The last agreement with price-stabilisation powers expired in 1984. This was followed by sugar's slump in price to its lowest level.

Yet the new accord is not guaranteed to come into force because few governments will renew their ISO membership until the present cash crisis is settled. The pact needs the support of countries holding 60 per cent of the votes allocated at the Geneva negotiating conference for it to take over automatically from 1 January.

Reaching this figure may be difficult, because Washington, which holds 9 per cent, has said it will not join the new pact, because it wanted the ISO transformed into a simple commodity study group, with no political dimension.

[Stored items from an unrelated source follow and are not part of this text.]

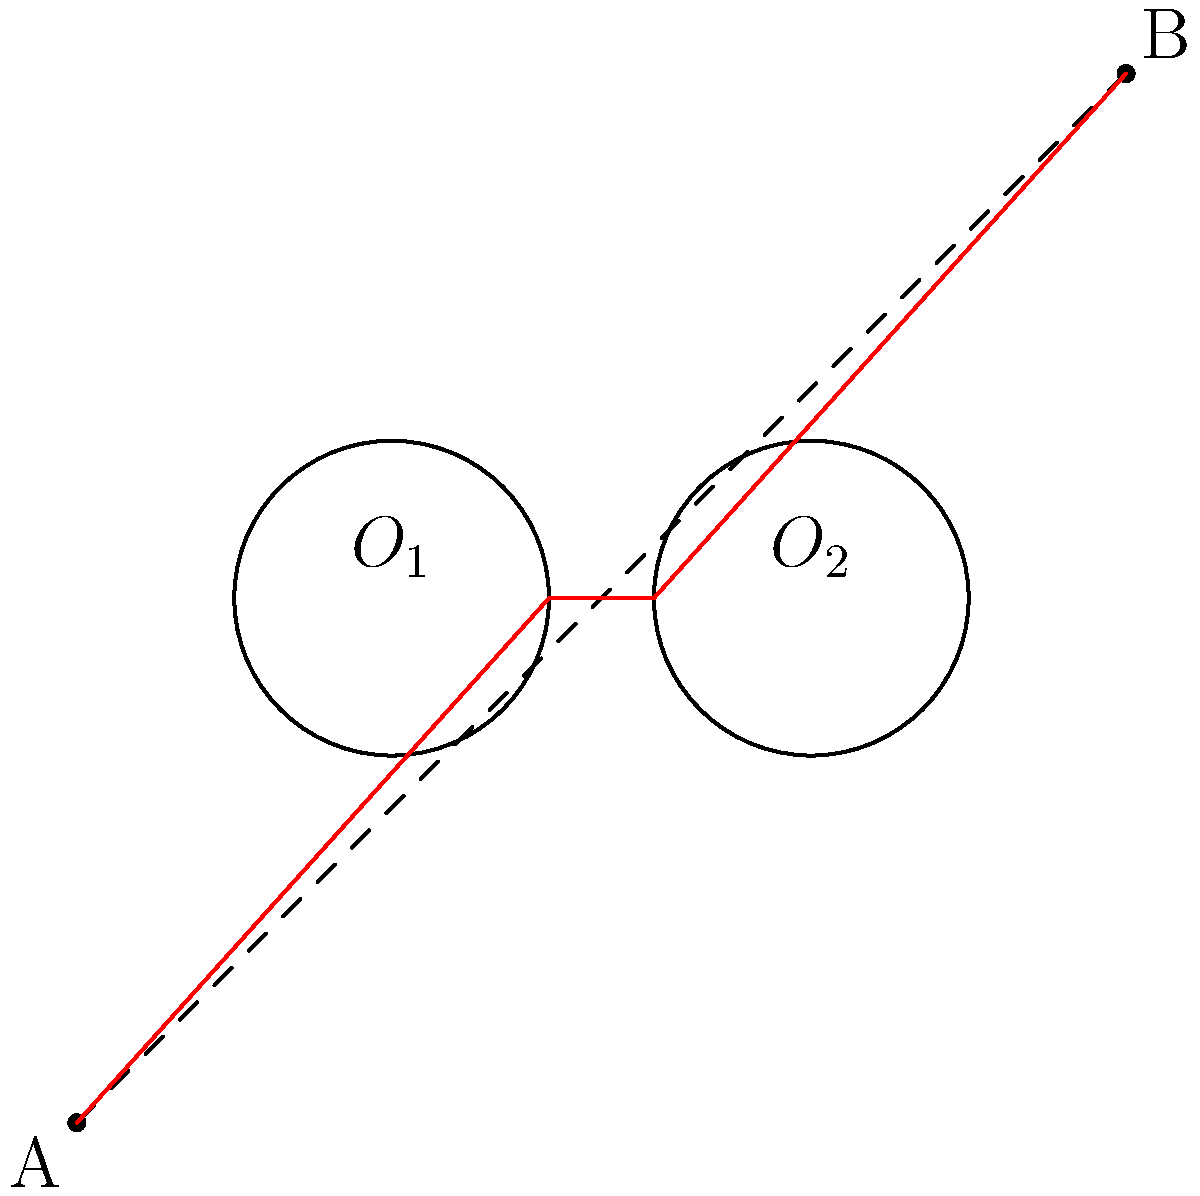In a 2D plane, two circular obstacles with centers $O_1(3,5)$ and $O_2(7,5)$ and equal radii of 1.5 units are present. Find the shortest path from point $A(0,0)$ to point $B(10,10)$ that avoids these obstacles. How does this problem relate to pathfinding in AI-driven game characters? 1. Visualize the problem: The direct path A to B intersects both obstacles.

2. Recognize the shortest path principle: The path must be a straight line except where it touches the obstacles.

3. Identify tangent points: The shortest path will be tangent to both circles.

4. Construct the path: 
   a. Draw a line from A tangent to the first circle.
   b. Draw a line tangent to both circles.
   c. Draw a line from the second circle tangent to B.

5. The path is: A → tangent point on $O_1$ → tangent point on $O_2$ → B

6. Calculate the length:
   Length = $\sqrt{(3-1.5)^2 + 5^2} + (7-3) + \sqrt{(10-7)^2 + (10-6.5)^2}$

7. Relation to AI pathfinding:
   - Represents obstacle avoidance in game environments.
   - Demonstrates the need for efficient algorithms (e.g., A*) in real-time rendering.
   - Illustrates the balance between optimal paths and computational efficiency.
   - Shows how geometric principles apply to AI decision-making in spatial contexts.
Answer: A → tangent($O_1$) → tangent($O_2$) → B; applies to AI pathfinding through obstacle avoidance, algorithm efficiency, and spatial decision-making. 
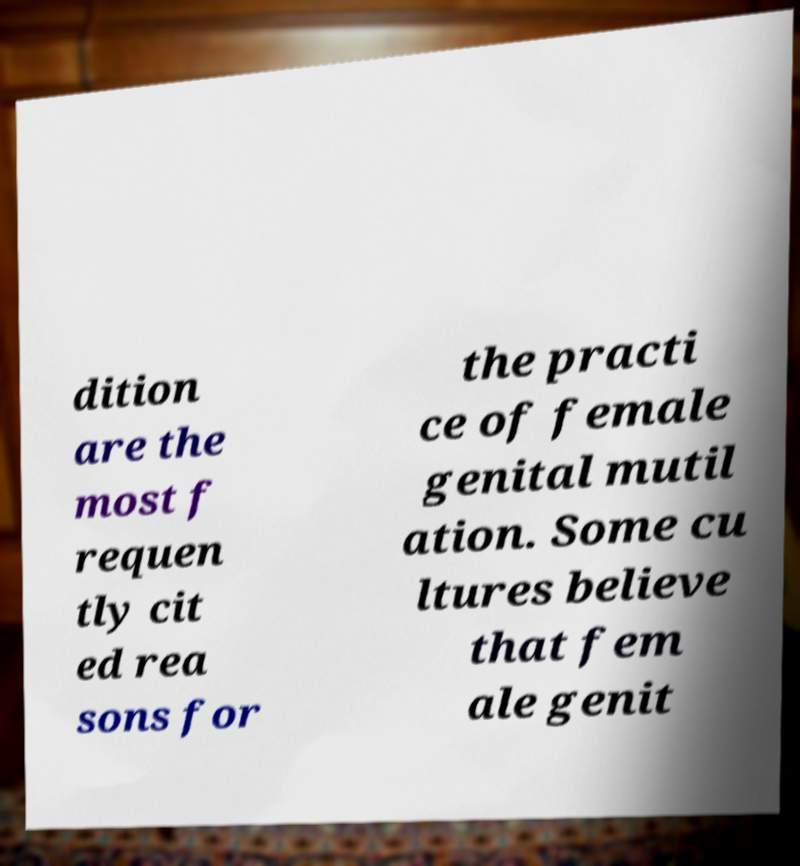Please read and relay the text visible in this image. What does it say? dition are the most f requen tly cit ed rea sons for the practi ce of female genital mutil ation. Some cu ltures believe that fem ale genit 
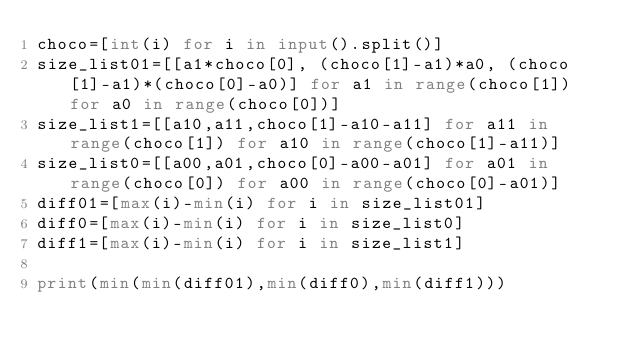<code> <loc_0><loc_0><loc_500><loc_500><_Python_>choco=[int(i) for i in input().split()]
size_list01=[[a1*choco[0], (choco[1]-a1)*a0, (choco[1]-a1)*(choco[0]-a0)] for a1 in range(choco[1]) for a0 in range(choco[0])]
size_list1=[[a10,a11,choco[1]-a10-a11] for a11 in range(choco[1]) for a10 in range(choco[1]-a11)]
size_list0=[[a00,a01,choco[0]-a00-a01] for a01 in range(choco[0]) for a00 in range(choco[0]-a01)]
diff01=[max(i)-min(i) for i in size_list01]
diff0=[max(i)-min(i) for i in size_list0]
diff1=[max(i)-min(i) for i in size_list1]

print(min(min(diff01),min(diff0),min(diff1)))
</code> 
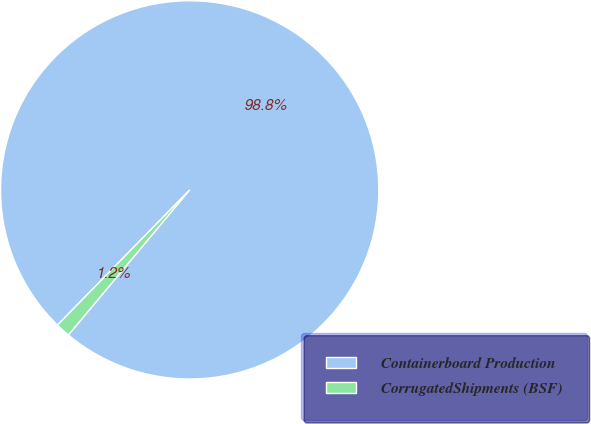Convert chart to OTSL. <chart><loc_0><loc_0><loc_500><loc_500><pie_chart><fcel>Containerboard Production<fcel>CorrugatedShipments (BSF)<nl><fcel>98.76%<fcel>1.24%<nl></chart> 
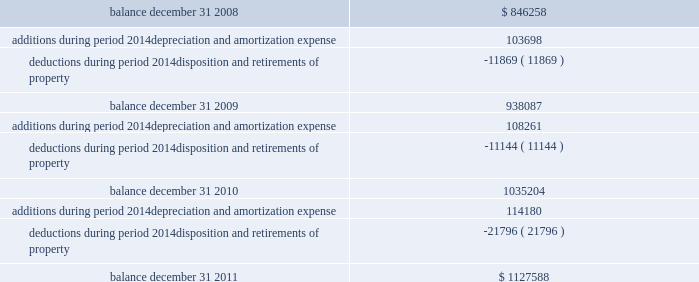Federal realty investment trust schedule iii summary of real estate and accumulated depreciation - continued three years ended december 31 , 2011 reconciliation of accumulated depreciation and amortization ( in thousands ) balance , december 31 , 2008................................................................................................................................... .
Additions during period 2014depreciation and amortization expense .................................................................... .
Deductions during period 2014disposition and retirements of property ................................................................. .
Balance , december 31 , 2009................................................................................................................................... .
Additions during period 2014depreciation and amortization expense .................................................................... .
Deductions during period 2014disposition and retirements of property ................................................................. .
Balance , december 31 , 2010................................................................................................................................... .
Additions during period 2014depreciation and amortization expense .................................................................... .
Deductions during period 2014disposition and retirements of property ................................................................. .
Balance , december 31 , 2011................................................................................................................................... .
$ 846258 103698 ( 11869 ) 938087 108261 ( 11144 ) 1035204 114180 ( 21796 ) $ 1127588 .
Federal realty investment trust schedule iii summary of real estate and accumulated depreciation - continued three years ended december 31 , 2011 reconciliation of accumulated depreciation and amortization ( in thousands ) balance , december 31 , 2008................................................................................................................................... .
Additions during period 2014depreciation and amortization expense .................................................................... .
Deductions during period 2014disposition and retirements of property ................................................................. .
Balance , december 31 , 2009................................................................................................................................... .
Additions during period 2014depreciation and amortization expense .................................................................... .
Deductions during period 2014disposition and retirements of property ................................................................. .
Balance , december 31 , 2010................................................................................................................................... .
Additions during period 2014depreciation and amortization expense .................................................................... .
Deductions during period 2014disposition and retirements of property ................................................................. .
Balance , december 31 , 2011................................................................................................................................... .
$ 846258 103698 ( 11869 ) 938087 108261 ( 11144 ) 1035204 114180 ( 21796 ) $ 1127588 .
Considering the years 2008-2010 , what is the value of the average deductions?\\n? 
Rationale: it is the sum of all deductions divided by the sum of the years .
Computations: (((11869 + 11144) + 21796) / 3)
Answer: 14936.33333. 
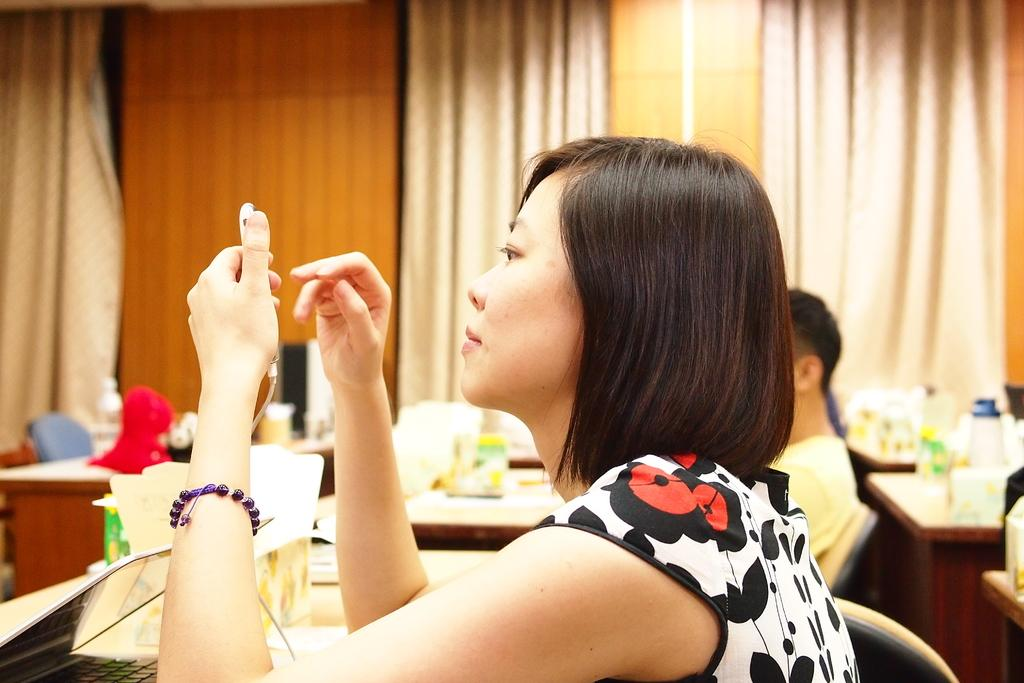How many people are in the image? There are two persons in the image. What electronic device can be seen in the image? There is a laptop in the image. What type of furniture is present in the image? There are tables and chairs in the image. What is on top of the tables? There are objects on the tables. What is visible on the wall in the image? There is a wall in the image. What type of window treatment is present in the image? There are curtains in the image. What type of sponge is being used by one of the persons in the image? There is no sponge visible in the image. What type of locket is being worn by one of the persons in the image? There is no locket visible in the image. 
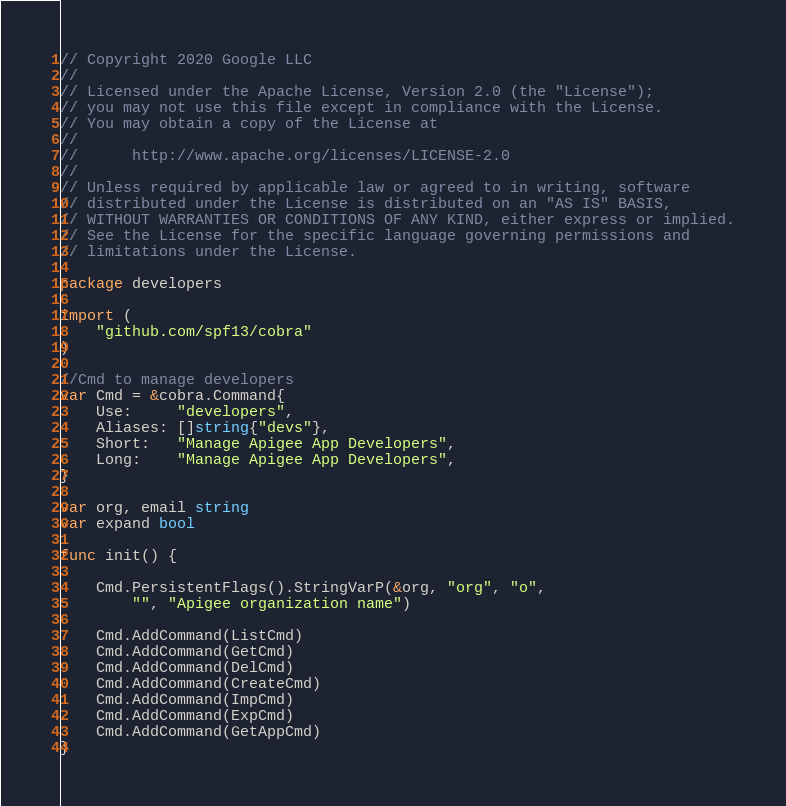<code> <loc_0><loc_0><loc_500><loc_500><_Go_>// Copyright 2020 Google LLC
//
// Licensed under the Apache License, Version 2.0 (the "License");
// you may not use this file except in compliance with the License.
// You may obtain a copy of the License at
//
//      http://www.apache.org/licenses/LICENSE-2.0
//
// Unless required by applicable law or agreed to in writing, software
// distributed under the License is distributed on an "AS IS" BASIS,
// WITHOUT WARRANTIES OR CONDITIONS OF ANY KIND, either express or implied.
// See the License for the specific language governing permissions and
// limitations under the License.

package developers

import (
	"github.com/spf13/cobra"
)

//Cmd to manage developers
var Cmd = &cobra.Command{
	Use:     "developers",
	Aliases: []string{"devs"},
	Short:   "Manage Apigee App Developers",
	Long:    "Manage Apigee App Developers",
}

var org, email string
var expand bool

func init() {

	Cmd.PersistentFlags().StringVarP(&org, "org", "o",
		"", "Apigee organization name")

	Cmd.AddCommand(ListCmd)
	Cmd.AddCommand(GetCmd)
	Cmd.AddCommand(DelCmd)
	Cmd.AddCommand(CreateCmd)
	Cmd.AddCommand(ImpCmd)
	Cmd.AddCommand(ExpCmd)
	Cmd.AddCommand(GetAppCmd)
}
</code> 
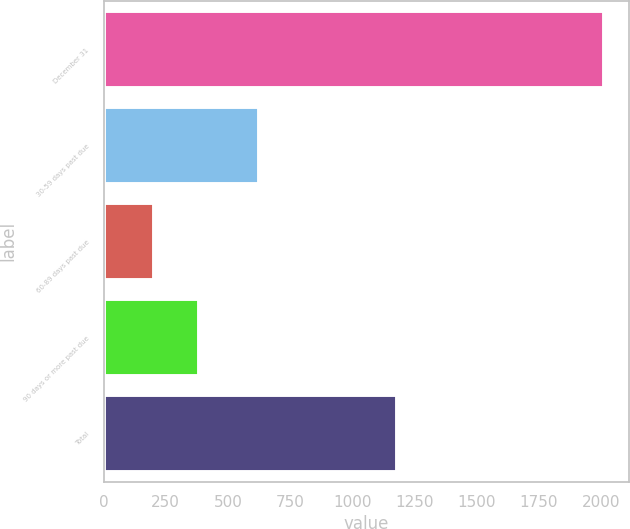Convert chart to OTSL. <chart><loc_0><loc_0><loc_500><loc_500><bar_chart><fcel>December 31<fcel>30-59 days past due<fcel>60-89 days past due<fcel>90 days or more past due<fcel>Total<nl><fcel>2014<fcel>626<fcel>201<fcel>382.3<fcel>1179<nl></chart>

There is a fear, says FO Licht, the German sugar analyst, that some Latin American countries that have close sugar-trading relation with the US could follow suit.

So, although the short-term threat to the ISO's survival will be lifted if Brazil pays up this month, a longer-term one remains.

In an attempt to remove it, Mr Ricart is making economies to ensure that Washington's absence will not push up the cost of ISO membership for other countries and so deter them from joining.

He plans to cut the ISO's budget to just over pounds 700,000 next year from pounds 1.1m by making redundancies, reducing the number of meetings and trimming the secretariat's activities, which are mainly collecting statistics, analysing market trends and forecasting production and consumption.

These services are vital in helping the trade to assess likely future price movements and adjust to changes in supply and demand.

The big changes that the ISO has charted over recent years include the fall in imports, the growth in competition from other sweeteners and white sugar's increased share of international trade at the expense of raws.

The most recent ISO research has highlighted Asia's growing importance in the sugar market. Today the region acccounts for 32 per cent of world sugar output (24 per cent 10 years ago) and this widening of the geographical production base has reduced the sugar market's vulnerability to supply disruptions elsewhere.

Production in India, Thailand and China alone is expected to rise by more than 3 million tonnes this season, more than offsetting falls in Cuba and the CIS and keeping the world market oversupplied for the third year running. Another surplus is on the cards for 1992-93.

There is no doubt that understanding the world sugar economy will be more difficult if the ISO disappears. This should not be allowed to happen for the want of a few hundred thousand pounds.